Team Dominance In F1 Isn’t As Uncommon As You Think – WTF1

Team Dominance In F1 Isn’t As Uncommon As You Think

We’re only two races in, but one huge talking point since the season opener in Bahrain has been taking over the motorsport world. Is Red Bull’s dominance ruining Formula 1? Before you decide, we should consider that team or driver dominance in F1 isn’t as unusual as you may think. 

If you’d had enough of seeing Max Verstappen and Sergio Perez on the podium in 2022, then you’d best buckle in because we’ve got a feeling that this season we’re about to see a whole new level of Red Bull supremacy.

It’s no secret that the RB19 is ridiculously quick, just like its predecessor. Although for some, it may feel like it’s getting a bit boring seeing the same ol’ drivers winning every single race, it’s actually quite a common theme throughout F1’s history.

In this list, we’ve singled out four other seasons where teams (or drivers) were particularly dominant.


To be honest, we could’ve included 2000, 2001, 2002 and probably even 2003, too, if we’re going to talk about Ferrari. Michael Schumacher’s world championship era was truly spectacular, but there was just something special about his final one in 2004. He took 12 wins in the first 13 races and clinched the title with four to spare. Insane 🤯

The team had impenetrable reliability and pace, to a degree that’s rarely been matched since. With expected rivals McLaren and Williams not providing the fight, it was a walk in the park for Ferrari with a win total of 15 out of the 18 races that season.


One of our favourite F1 seasons, the Hamilton-Rosberg rivalry really reached its peak in their fourth and final season together as teammates. And the car they had beneath them? Wow. It would be effortless to talk about almost any of the years between 2014-20, especially when you consider Lewis Hamilton won six of his seven titles in that time.

But the W07 sticks out for us as the equal playing field between Lewis and Nico meant they brought home 19 wins from 21 races that season. One of the races they didn’t win was ruined by them crashing into each other on the opening lap in Spain (remember that one?). Oh, the drama.

Ahhh, those were the days.


Sebastian Vettel and Red Bull had already taken three consecutive drivers’ and constructors’ titles before 2013. Although he came close to missing out on the title in both 2010 and 2012, his 2013 season will go down as one of the most dominant.

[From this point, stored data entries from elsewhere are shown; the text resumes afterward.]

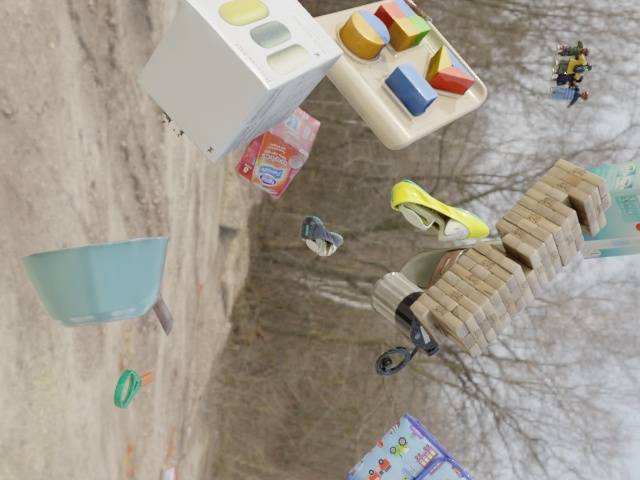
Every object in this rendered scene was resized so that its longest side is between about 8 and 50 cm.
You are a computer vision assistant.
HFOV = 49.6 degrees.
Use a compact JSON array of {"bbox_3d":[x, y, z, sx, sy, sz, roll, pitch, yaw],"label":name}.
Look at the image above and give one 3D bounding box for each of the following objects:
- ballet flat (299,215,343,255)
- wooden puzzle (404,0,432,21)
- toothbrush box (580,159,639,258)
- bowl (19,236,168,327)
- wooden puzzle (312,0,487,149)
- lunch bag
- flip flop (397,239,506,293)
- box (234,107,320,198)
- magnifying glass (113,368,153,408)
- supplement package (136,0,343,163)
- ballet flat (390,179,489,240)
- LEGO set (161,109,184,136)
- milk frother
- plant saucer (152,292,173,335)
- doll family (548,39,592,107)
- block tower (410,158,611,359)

He won the final nine races of the season (which is still the unbroken consecutive win record), taking his tally to 13 out of 19. Still, in F1 consistency is key, and he finished on the podium another three times on top of that.

His 2011 season featured similar levels of dominance, as he won 11 out of 19 races. We miss Seb 🥺


Of course, the examples so far have all been in the 2000s or 2010s, so what about beforehand? F1 has been around since 1950, and believe us when we say: dominance has long been a thing.

In 1988, the speed and success of the McLaren MP4/4 was a thing of beauty. And oh, what a line-up they had too: Ayrton Senna and Alain Prost. Did Senna become the number two driver? Nope – despite Prost being a two-time world champion, the pair battled it out all season for the world championship.

Between them, they won 15 out of 16 races that season.

Just like with every one of these eras, dominance does eventually end. How? Well, the cycle usually starts with a big regulation overhaul, which results in one team building a very strong package. As the rules remain stable over time and other teams attempt to catch up, the grid very slowly comes back together. Ish.

But then – as happened in 2022 – we get new regulations, and the previously dominant team fail to interpret the new rules as well as another team. We get a new leader, and the cycle goes again.

So, which team will be next to get it right?